Vous avez beau ne recevoir qu'un seul avertissement-extrait de rôle, vous payez en réalité vos impôts en partie à l'État fédéral et en partie aux Régions. Tous deux proposent des réductions d'impôt pour les dépenses qu'ils jugent importantes.

Parmi les réductions d'impôt fédérales, on retrouve les grands classiques comme la réduction d'impôt pour épargne à long terme (épargne-pension et assurances vie), la réduction d'impôt pour libéralités, la réduction d'impôt pour frais de garde d'enfants... Quelles sont les nouveautés à ce niveau ?

L'importance de la réduction d'impôt est en principe adaptée annuellement au coût de la vie. Fin de l'année dernière, l'indexation a toutefois été gelée pour certaines de ces réductions d'impôt. Le saut d'index a été reporté d'un an pour l'épargne-pension, parce que la mesure n'a été adoptée qu'à la fin de l'année dernière et que les épargnants avaient en réalité déjà adapté leur plan d'épargne au nouveau montant. Concrètement : en 2020, vous pouviez épargner jusqu'à 990 euros dans le cadre de l'épargne-pension et bénéficier en retour d'une réduction d'impôt de 30 %. Vous pouviez également épargner plus (jusqu'à 1 270 euros), mais dans ce cas, la réduction d'impôt n'est que de 25 %. Attention donc : si vous épargnez 1 000 euros dans le cadre de l'épargne-pension, vous bénéficiez d'une réduction d'impôt de 25 % sur ce montant (= 250 euros), alors que si vous n'épargnez que 990 euros, vous bénéficiez d'une réduction d'impôt de 30 % (= 297 euros). Ces montants ne changeront pas pour les prochaines années.

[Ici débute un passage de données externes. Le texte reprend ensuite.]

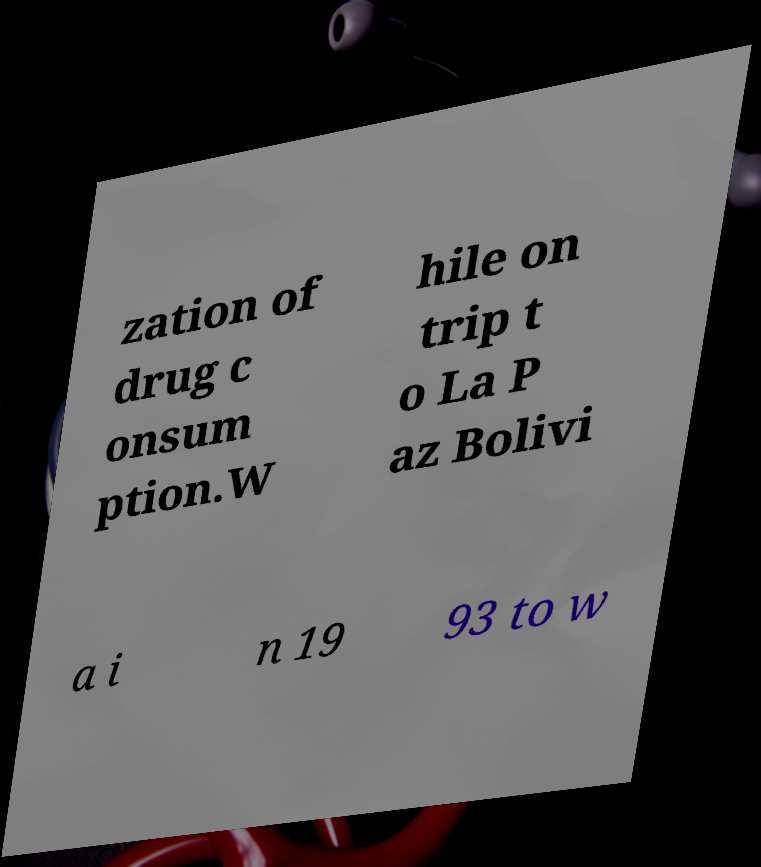Can you accurately transcribe the text from the provided image for me? zation of drug c onsum ption.W hile on trip t o La P az Bolivi a i n 19 93 to w

Pour les dons, la réduction d'impôt a fortement augmenté. Les dons faits en 2020 ouvrent droit à une réduction d'impôt de 60 % (au lieu des 45 % habituels). Vous n'avez droit à cette réduction d'impôt que si le don s'élève au moins à 40 euros. En principe, le don doit être fait en espèces, mais là aussi, il y a eu un assouplissement (relativement complexe) pour 2020 : si vous avez fait don de matériel médical ou d'ordinateurs, vous pouvez bénéficier d'une solide réduction d'impôt, mais il y a des limites et conditions à respecter.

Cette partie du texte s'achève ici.